Growbox Bewässerung

Wie jede andere Pflanze braucht auch Cannabis Wasser zum Leben. Deshalb ist die richtige Growbox Bewässerung ein wichtiger Bestandteil bei der Pflanzenzucht. Prinzipiell gibt es verschiedene Arten der Bewässerung aber auch dem Wasser selbst muss man Beachtung schenken.

Es gibt einige Faktoren auf die man Rücksicht nehmen muss, ansonsten kann man seinen Pflanzen schaden. Auf diese Faktoren und Arten der Bewässerung wollen wir im folgenden eingehen, so dass du die schlimmsten Anfängerfehler vermeidest.

Growbox Bewässerung auf verschieden Arten

Wir unterscheiden zwischen drei Arten, wie du die Pflanzen in deiner Growbox bewässern kannst.
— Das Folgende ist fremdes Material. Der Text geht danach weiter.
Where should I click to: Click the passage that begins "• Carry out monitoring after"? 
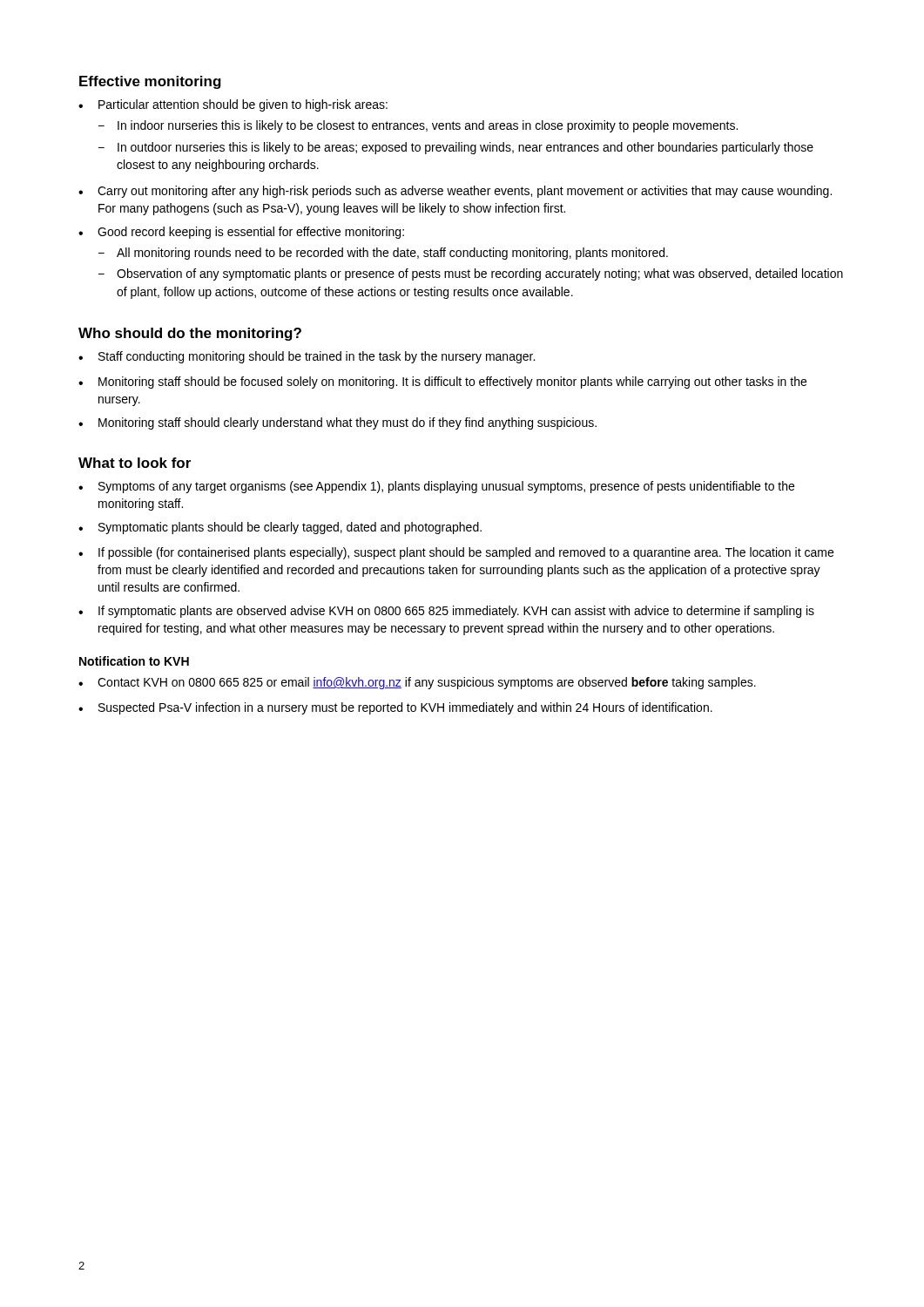[462, 200]

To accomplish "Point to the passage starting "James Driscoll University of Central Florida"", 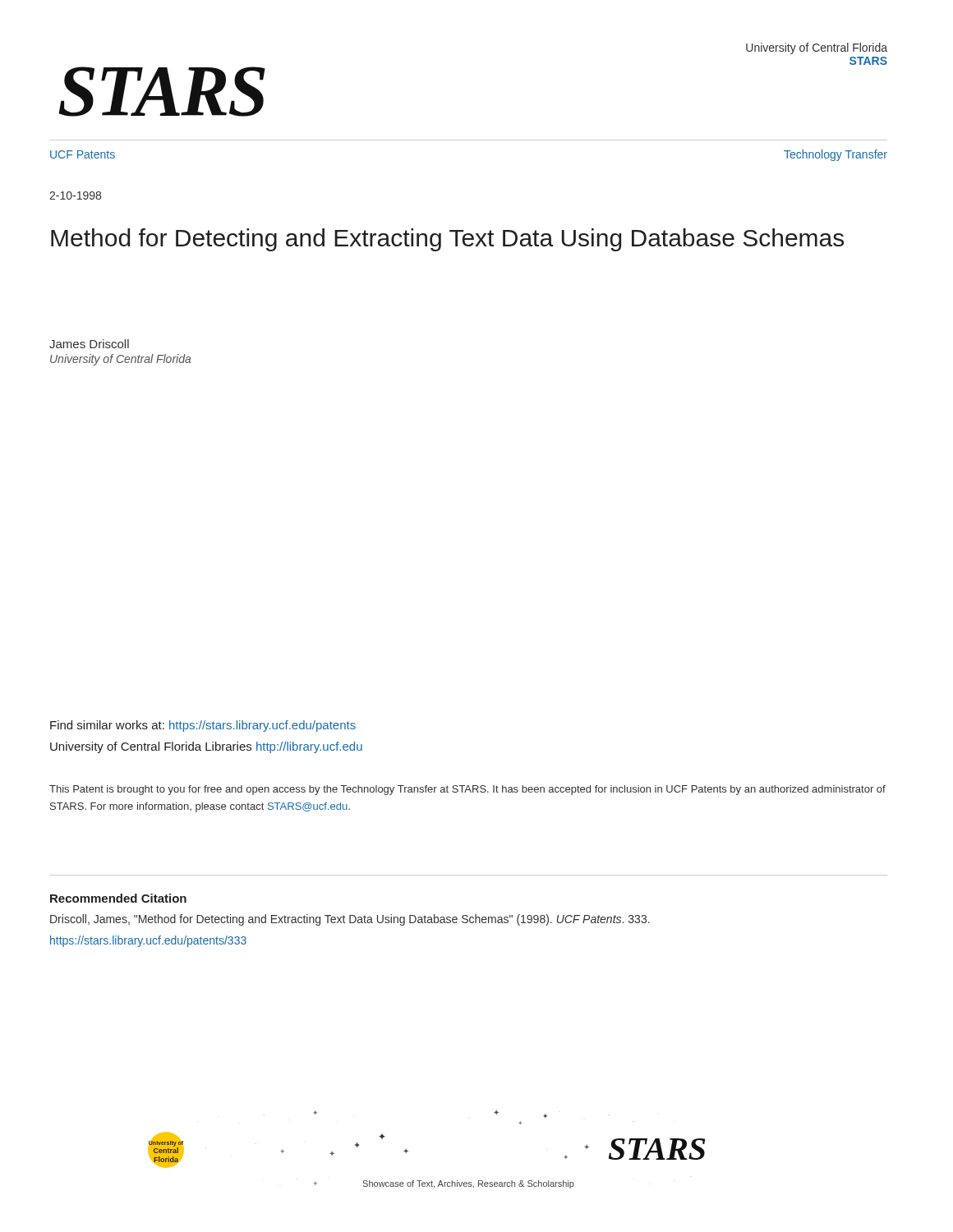I will coord(120,351).

Das händische Gießen, mehr oder weniger automatische Bewässerungssysteme und die Hydrokultur, die man vielleicht noch als Bewässerungssystem sehen kann, sich aber dadurch unterscheidet, das sie auf die Benutzung von Erde verzichtet.

Substrat Gießen

Growbox Bewässserung mittels einer Gießkanne

Die einfachste Methode der Growbox Bewässerung ist das Gießen von Hand. Zwar solltest du jeden Tag prüfen ob du gießen musst aber nach unserer Erfahrung brauchst du nur alle 2-3 Tage gießen. Wir haben dazu eine handelsübliche Gießkanne verwendet.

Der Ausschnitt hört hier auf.